WHAT YOU WILL DO | Omit the pictures, but give back every entry below exactly as written.

TASK INPUTS |

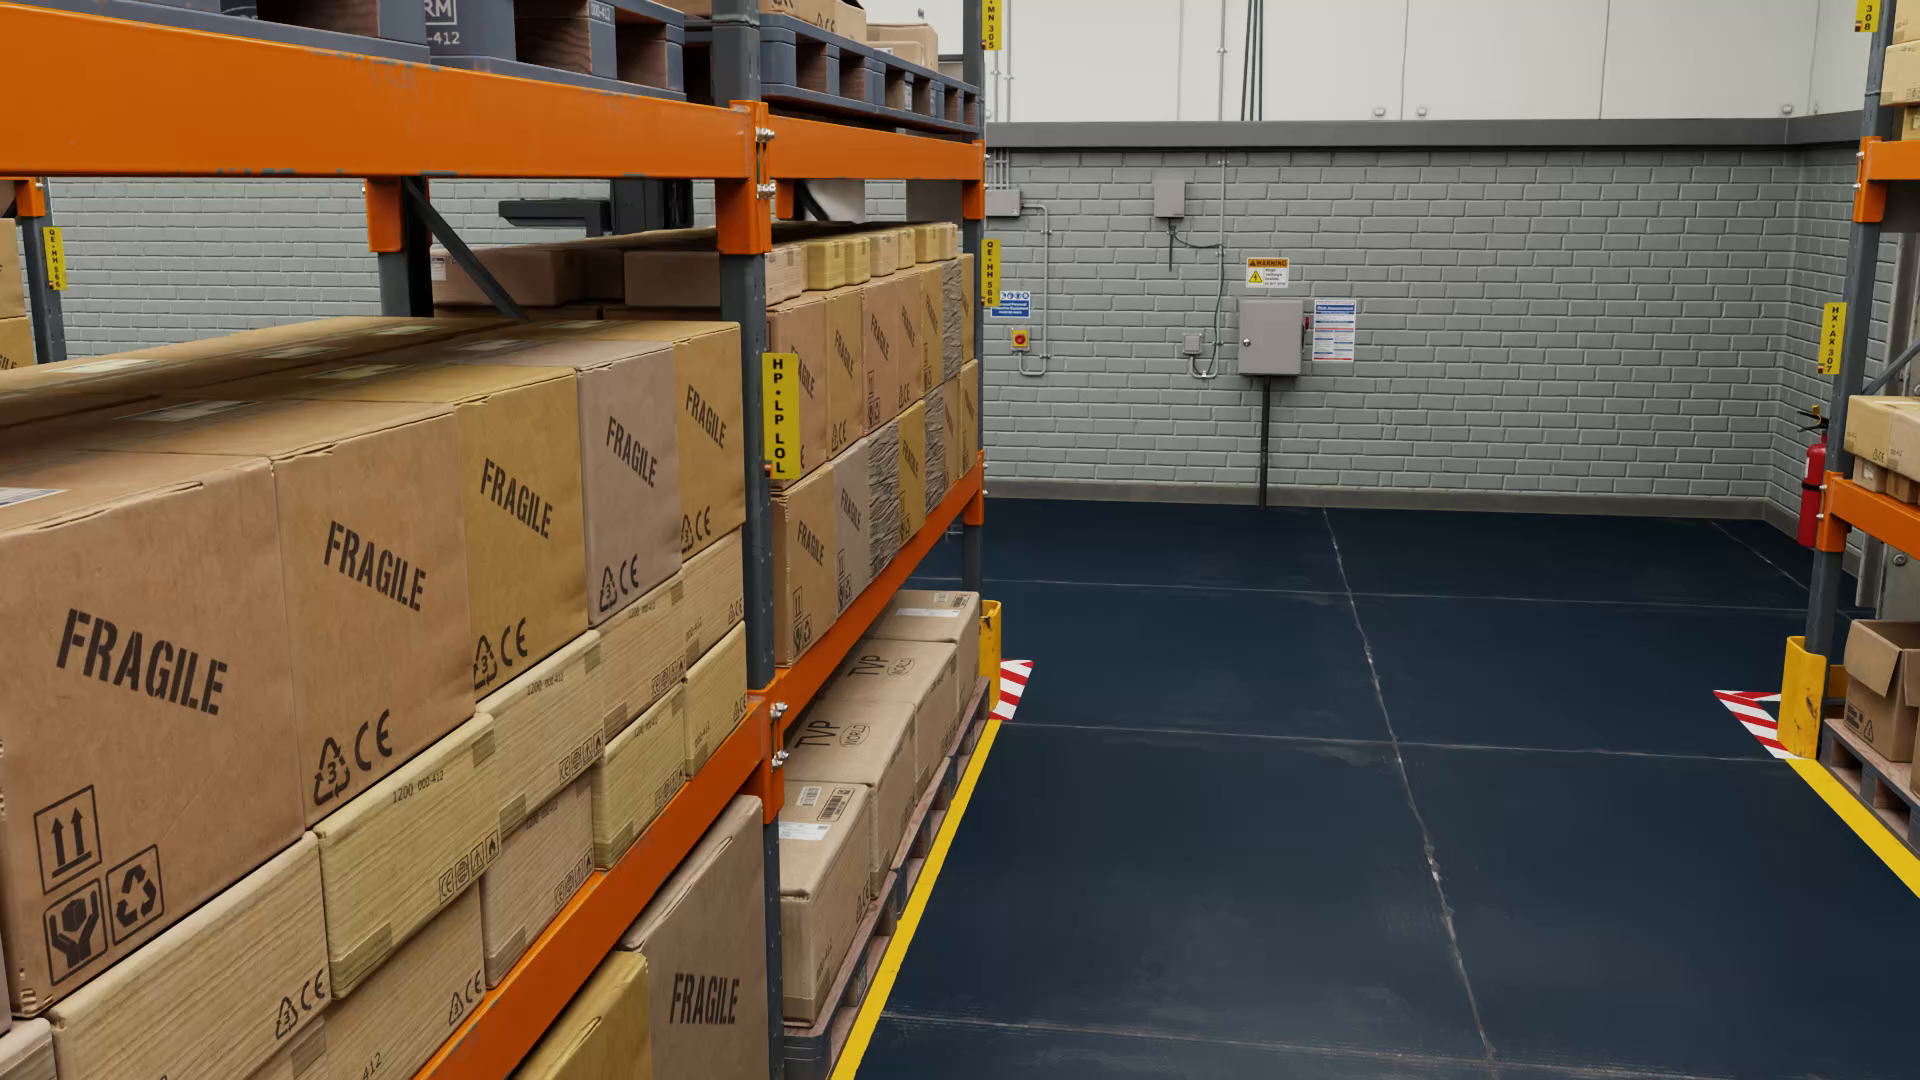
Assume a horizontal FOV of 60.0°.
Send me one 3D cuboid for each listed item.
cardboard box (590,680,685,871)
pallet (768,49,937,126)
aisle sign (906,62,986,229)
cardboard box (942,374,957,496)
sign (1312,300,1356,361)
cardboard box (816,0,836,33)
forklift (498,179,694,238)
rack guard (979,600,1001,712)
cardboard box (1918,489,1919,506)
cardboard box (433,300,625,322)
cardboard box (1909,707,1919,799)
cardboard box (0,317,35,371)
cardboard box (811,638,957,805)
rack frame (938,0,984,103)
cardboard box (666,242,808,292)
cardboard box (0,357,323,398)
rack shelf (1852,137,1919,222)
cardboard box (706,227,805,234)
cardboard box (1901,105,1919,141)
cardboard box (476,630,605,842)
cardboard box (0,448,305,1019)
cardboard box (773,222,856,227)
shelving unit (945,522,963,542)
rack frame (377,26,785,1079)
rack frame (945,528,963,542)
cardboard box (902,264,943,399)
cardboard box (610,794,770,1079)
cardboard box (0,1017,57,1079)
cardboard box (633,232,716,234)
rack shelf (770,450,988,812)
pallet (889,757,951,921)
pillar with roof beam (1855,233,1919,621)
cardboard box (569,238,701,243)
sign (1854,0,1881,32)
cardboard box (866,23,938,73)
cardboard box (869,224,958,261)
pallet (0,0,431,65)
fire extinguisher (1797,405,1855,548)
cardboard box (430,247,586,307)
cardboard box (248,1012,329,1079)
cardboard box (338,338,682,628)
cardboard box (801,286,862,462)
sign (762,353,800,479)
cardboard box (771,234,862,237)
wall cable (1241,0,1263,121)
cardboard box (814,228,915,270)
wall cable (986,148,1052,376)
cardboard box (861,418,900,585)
[{"bbox_3d":[-0.902,0.474,3.529,0.500,0.250,0.500,2,12,8],"label":"cardboard box"},{"bbox_3d":[-0.676,-1.653,6.133,1.003,0.211,1.213,2,12,9],"label":"pallet"},{"bbox_3d":[-0.070,-1.915,8.089,0.394,0.787,0.004,2,12,9],"label":"aisle sign"},{"bbox_3d":[-0.292,-0.475,7.341,0.500,0.500,0.500,2,12,7],"label":"cardboard box"},{"bbox_3d":[3.030,-1.696,13.469,0.329,0.494,0.001,2,12,9],"label":"sign"},{"bbox_3d":[-0.827,-1.859,5.402,0.797,0.503,0.637,3,12,13],"label":"cardboard box"},{"bbox_3d":[-2.781,-1.511,12.548,3.031,2.935,1.130,2,12,8],"label":"forklift"},{"bbox_3d":[-0.383,0.578,8.626,1.175,0.500,0.348,2,12,9],"label":"rack guard"},{"bbox_3d":[4.197,-0.187,6.835,0.380,0.149,0.250,2,12,8],"label":"cardboard box"},{"bbox_3d":[-1.202,-0.451,4.857,0.500,0.500,0.500,2,12,8],"label":"cardboard box"},{"bbox_3d":[4.161,0.838,6.420,0.700,0.500,0.500,2,12,11],"label":"cardboard box"},{"bbox_3d":[-5.108,-0.871,8.471,0.500,0.500,0.500,2,12,10],"label":"cardboard box"},{"bbox_3d":[-0.522,0.739,7.027,0.875,0.438,0.875,2,12,10],"label":"cardboard box"},{"bbox_3d":[-0.387,-3.572,7.707,1.000,3.000,0.127,2,12,9],"label":"rack frame"},{"bbox_3d":[-0.676,-0.827,5.061,0.380,0.149,0.250,2,12,8],"label":"cardboard box"},{"bbox_3d":[-1.484,-0.051,2.998,0.500,0.500,0.500,2,12,7],"label":"cardboard box"},{"bbox_3d":[4.211,-1.178,5.425,1.077,0.370,4.000,2,12,9],"label":"rack shelf"},{"bbox_3d":[-0.849,-1.210,6.838,0.380,0.149,0.250,2,12,9],"label":"cardboard box"},{"bbox_3d":[4.239,-1.764,7.034,0.380,0.149,0.250,2,12,10],"label":"cardboard box"},{"bbox_3d":[-0.973,0.334,2.991,0.500,0.250,0.500,2,12,10],"label":"cardboard box"},{"bbox_3d":[-1.138,0.183,1.914,0.500,0.500,0.500,2,12,10],"label":"cardboard box"},{"bbox_3d":[-0.685,-1.372,7.590,0.380,0.149,0.250,2,12,10],"label":"cardboard box"},{"bbox_3d":[0.008,-0.524,12.434,0.215,1.050,0.252,2,12,9],"label":"shelving unit"},{"bbox_3d":[-1.002,0.193,4.476,1.000,3.000,0.127,2,12,9],"label":"rack frame"},{"bbox_3d":[-0.011,-0.499,12.317,0.200,1.050,0.008,2,12,9],"label":"rack frame"},{"bbox_3d":[-0.356,-0.856,6.736,0.500,0.500,0.500,2,12,8],"label":"cardboard box"},{"bbox_3d":[-1.018,1.158,4.044,0.875,0.875,0.875,2,12,10],"label":"cardboard box"},{"bbox_3d":[-1.215,0.650,1.527,0.500,0.250,0.500,2,12,10],"label":"cardboard box"},{"bbox_3d":[-0.987,-1.051,6.102,0.380,0.149,0.250,2,12,9],"label":"cardboard box"},{"bbox_3d":[-0.695,0.129,6.483,1.077,0.370,4.000,2,12,9],"label":"rack shelf"},{"bbox_3d":[-0.623,1.146,6.674,1.003,0.211,1.213,2,12,9],"label":"pallet"},{"bbox_3d":[1.570,-4.083,10.081,9.100,9.000,0.400,2,12,9],"label":"pillar with roof beam"},{"bbox_3d":[-1.052,-0.892,5.362,0.380,0.149,0.250,2,12,8],"label":"cardboard box"},{"bbox_3d":[3.982,-2.390,7.270,0.100,0.325,0.005,2,12,9],"label":"sign"},{"bbox_3d":[-0.367,-2.190,7.536,0.500,0.250,0.500,1,12,3],"label":"cardboard box"},{"bbox_3d":[-0.216,-1.303,7.268,0.380,0.149,0.250,2,12,8],"label":"cardboard box"},{"bbox_3d":[-1.402,-0.717,2.026,1.003,0.211,1.213,2,12,11],"label":"pallet"},{"bbox_3d":[4.084,-0.305,7.856,0.296,0.674,0.183,2,12,9],"label":"fire extinguisher"},{"bbox_3d":[-1.269,-0.736,4.637,0.380,0.149,0.250,2,12,7],"label":"cardboard box"},{"bbox_3d":[-1.146,0.789,2.067,0.500,0.250,0.500,2,12,11],"label":"cardboard box"},{"bbox_3d":[-0.895,-0.135,3.390,0.500,0.500,0.500,2,12,10],"label":"cardboard box"},{"bbox_3d":[-0.606,-0.540,5.270,0.500,0.500,0.500,2,12,8],"label":"cardboard box"},{"bbox_3d":[-0.464,-0.318,4.290,0.100,0.325,0.005,2,12,9],"label":"sign"},{"bbox_3d":[-0.550,-0.986,5.799,0.380,0.149,0.250,2,12,8],"label":"cardboard box"},{"bbox_3d":[3.699,-4.660,12.669,2.988,3.039,0.133,2,12,9],"label":"wall cable"},{"bbox_3d":[-0.386,-1.145,6.538,0.380,0.149,0.250,2,12,10],"label":"cardboard box"},{"bbox_3d":[0.457,-2.326,13.679,0.585,1.953,0.123,2,12,9],"label":"wall cable"},{"bbox_3d":[-0.507,-0.153,5.844,0.500,0.500,0.500,2,12,9],"label":"cardboard box"}]

ANSWER SPACE |
Assume a horizontal FOV of 60.0°.
Send me one 3D cuboid for each listed item.
cardboard box (590,680,685,871)
pallet (768,49,937,126)
aisle sign (906,62,986,229)
cardboard box (942,374,957,496)
sign (1312,300,1356,361)
cardboard box (816,0,836,33)
forklift (498,179,694,238)
rack guard (979,600,1001,712)
cardboard box (1918,489,1919,506)
cardboard box (433,300,625,322)
cardboard box (1909,707,1919,799)
cardboard box (0,317,35,371)
cardboard box (811,638,957,805)
rack frame (938,0,984,103)
cardboard box (666,242,808,292)
cardboard box (0,357,323,398)
rack shelf (1852,137,1919,222)
cardboard box (706,227,805,234)
cardboard box (1901,105,1919,141)
cardboard box (476,630,605,842)
cardboard box (0,448,305,1019)
cardboard box (773,222,856,227)
shelving unit (945,522,963,542)
rack frame (377,26,785,1079)
rack frame (945,528,963,542)
cardboard box (902,264,943,399)
cardboard box (610,794,770,1079)
cardboard box (0,1017,57,1079)
cardboard box (633,232,716,234)
rack shelf (770,450,988,812)
pallet (889,757,951,921)
pillar with roof beam (1855,233,1919,621)
cardboard box (569,238,701,243)
sign (1854,0,1881,32)
cardboard box (866,23,938,73)
cardboard box (869,224,958,261)
pallet (0,0,431,65)
fire extinguisher (1797,405,1855,548)
cardboard box (430,247,586,307)
cardboard box (248,1012,329,1079)
cardboard box (338,338,682,628)
cardboard box (801,286,862,462)
sign (762,353,800,479)
cardboard box (771,234,862,237)
wall cable (1241,0,1263,121)
cardboard box (814,228,915,270)
wall cable (986,148,1052,376)
cardboard box (861,418,900,585)
[{"bbox_3d":[-0.902,0.474,3.529,0.500,0.250,0.500,2,12,8],"label":"cardboard box"},{"bbox_3d":[-0.676,-1.653,6.133,1.003,0.211,1.213,2,12,9],"label":"pallet"},{"bbox_3d":[-0.070,-1.915,8.089,0.394,0.787,0.004,2,12,9],"label":"aisle sign"},{"bbox_3d":[-0.292,-0.475,7.341,0.500,0.500,0.500,2,12,7],"label":"cardboard box"},{"bbox_3d":[3.030,-1.696,13.469,0.329,0.494,0.001,2,12,9],"label":"sign"},{"bbox_3d":[-0.827,-1.859,5.402,0.797,0.503,0.637,3,12,13],"label":"cardboard box"},{"bbox_3d":[-2.781,-1.511,12.548,3.031,2.935,1.130,2,12,8],"label":"forklift"},{"bbox_3d":[-0.383,0.578,8.626,1.175,0.500,0.348,2,12,9],"label":"rack guard"},{"bbox_3d":[4.197,-0.187,6.835,0.380,0.149,0.250,2,12,8],"label":"cardboard box"},{"bbox_3d":[-1.202,-0.451,4.857,0.500,0.500,0.500,2,12,8],"label":"cardboard box"},{"bbox_3d":[4.161,0.838,6.420,0.700,0.500,0.500,2,12,11],"label":"cardboard box"},{"bbox_3d":[-5.108,-0.871,8.471,0.500,0.500,0.500,2,12,10],"label":"cardboard box"},{"bbox_3d":[-0.522,0.739,7.027,0.875,0.438,0.875,2,12,10],"label":"cardboard box"},{"bbox_3d":[-0.387,-3.572,7.707,1.000,3.000,0.127,2,12,9],"label":"rack frame"},{"bbox_3d":[-0.676,-0.827,5.061,0.380,0.149,0.250,2,12,8],"label":"cardboard box"},{"bbox_3d":[-1.484,-0.051,2.998,0.500,0.500,0.500,2,12,7],"label":"cardboard box"},{"bbox_3d":[4.211,-1.178,5.425,1.077,0.370,4.000,2,12,9],"label":"rack shelf"},{"bbox_3d":[-0.849,-1.210,6.838,0.380,0.149,0.250,2,12,9],"label":"cardboard box"},{"bbox_3d":[4.239,-1.764,7.034,0.380,0.149,0.250,2,12,10],"label":"cardboard box"},{"bbox_3d":[-0.973,0.334,2.991,0.500,0.250,0.500,2,12,10],"label":"cardboard box"},{"bbox_3d":[-1.138,0.183,1.914,0.500,0.500,0.500,2,12,10],"label":"cardboard box"},{"bbox_3d":[-0.685,-1.372,7.590,0.380,0.149,0.250,2,12,10],"label":"cardboard box"},{"bbox_3d":[0.008,-0.524,12.434,0.215,1.050,0.252,2,12,9],"label":"shelving unit"},{"bbox_3d":[-1.002,0.193,4.476,1.000,3.000,0.127,2,12,9],"label":"rack frame"},{"bbox_3d":[-0.011,-0.499,12.317,0.200,1.050,0.008,2,12,9],"label":"rack frame"},{"bbox_3d":[-0.356,-0.856,6.736,0.500,0.500,0.500,2,12,8],"label":"cardboard box"},{"bbox_3d":[-1.018,1.158,4.044,0.875,0.875,0.875,2,12,10],"label":"cardboard box"},{"bbox_3d":[-1.215,0.650,1.527,0.500,0.250,0.500,2,12,10],"label":"cardboard box"},{"bbox_3d":[-0.987,-1.051,6.102,0.380,0.149,0.250,2,12,9],"label":"cardboard box"},{"bbox_3d":[-0.695,0.129,6.483,1.077,0.370,4.000,2,12,9],"label":"rack shelf"},{"bbox_3d":[-0.623,1.146,6.674,1.003,0.211,1.213,2,12,9],"label":"pallet"},{"bbox_3d":[1.570,-4.083,10.081,9.100,9.000,0.400,2,12,9],"label":"pillar with roof beam"},{"bbox_3d":[-1.052,-0.892,5.362,0.380,0.149,0.250,2,12,8],"label":"cardboard box"},{"bbox_3d":[3.982,-2.390,7.270,0.100,0.325,0.005,2,12,9],"label":"sign"},{"bbox_3d":[-0.367,-2.190,7.536,0.500,0.250,0.500,1,12,3],"label":"cardboard box"},{"bbox_3d":[-0.216,-1.303,7.268,0.380,0.149,0.250,2,12,8],"label":"cardboard box"},{"bbox_3d":[-1.402,-0.717,2.026,1.003,0.211,1.213,2,12,11],"label":"pallet"},{"bbox_3d":[4.084,-0.305,7.856,0.296,0.674,0.183,2,12,9],"label":"fire extinguisher"},{"bbox_3d":[-1.269,-0.736,4.637,0.380,0.149,0.250,2,12,7],"label":"cardboard box"},{"bbox_3d":[-1.146,0.789,2.067,0.500,0.250,0.500,2,12,11],"label":"cardboard box"},{"bbox_3d":[-0.895,-0.135,3.390,0.500,0.500,0.500,2,12,10],"label":"cardboard box"},{"bbox_3d":[-0.606,-0.540,5.270,0.500,0.500,0.500,2,12,8],"label":"cardboard box"},{"bbox_3d":[-0.464,-0.318,4.290,0.100,0.325,0.005,2,12,9],"label":"sign"},{"bbox_3d":[-0.550,-0.986,5.799,0.380,0.149,0.250,2,12,8],"label":"cardboard box"},{"bbox_3d":[3.699,-4.660,12.669,2.988,3.039,0.133,2,12,9],"label":"wall cable"},{"bbox_3d":[-0.386,-1.145,6.538,0.380,0.149,0.250,2,12,10],"label":"cardboard box"},{"bbox_3d":[0.457,-2.326,13.679,0.585,1.953,0.123,2,12,9],"label":"wall cable"},{"bbox_3d":[-0.507,-0.153,5.844,0.500,0.500,0.500,2,12,9],"label":"cardboard box"}]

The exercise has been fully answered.